- **Work instructions**
Your answer must contain each line of the listing in which "roll" appears, copied in full.

- **Data to process**
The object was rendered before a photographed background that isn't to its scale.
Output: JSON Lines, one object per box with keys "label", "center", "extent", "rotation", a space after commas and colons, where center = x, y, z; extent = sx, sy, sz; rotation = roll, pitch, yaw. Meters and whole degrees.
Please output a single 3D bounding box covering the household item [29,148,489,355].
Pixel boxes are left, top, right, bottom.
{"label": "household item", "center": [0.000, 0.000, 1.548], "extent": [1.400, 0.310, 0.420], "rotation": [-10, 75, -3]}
...
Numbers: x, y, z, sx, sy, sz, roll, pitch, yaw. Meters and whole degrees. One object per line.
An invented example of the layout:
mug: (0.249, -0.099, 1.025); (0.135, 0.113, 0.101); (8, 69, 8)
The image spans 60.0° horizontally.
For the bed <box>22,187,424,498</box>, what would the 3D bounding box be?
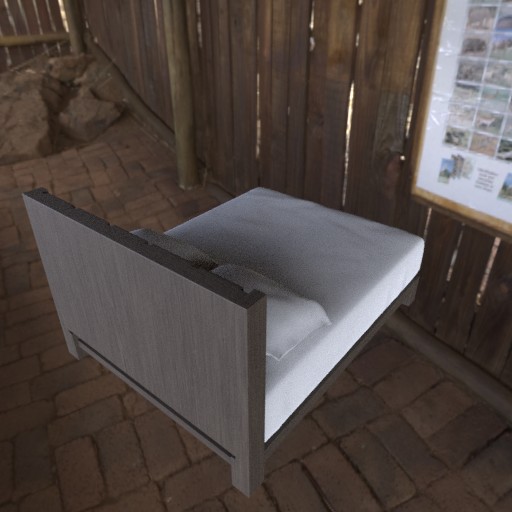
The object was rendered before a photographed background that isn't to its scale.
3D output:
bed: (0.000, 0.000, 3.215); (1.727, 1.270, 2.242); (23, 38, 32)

- **Task answer**
Output: JSON Lines, one object per box with keys "label", "center", "extent", "rotation", a space after commas and colons, where center = x, y, z; extent = sx, sy, sz; rotation = roll, pitch, yaw. Meters and whole degrees.
Numbers: x, y, z, sx, sy, sz, roll, pitch, yaw. Meters and whole degrees. One object per line.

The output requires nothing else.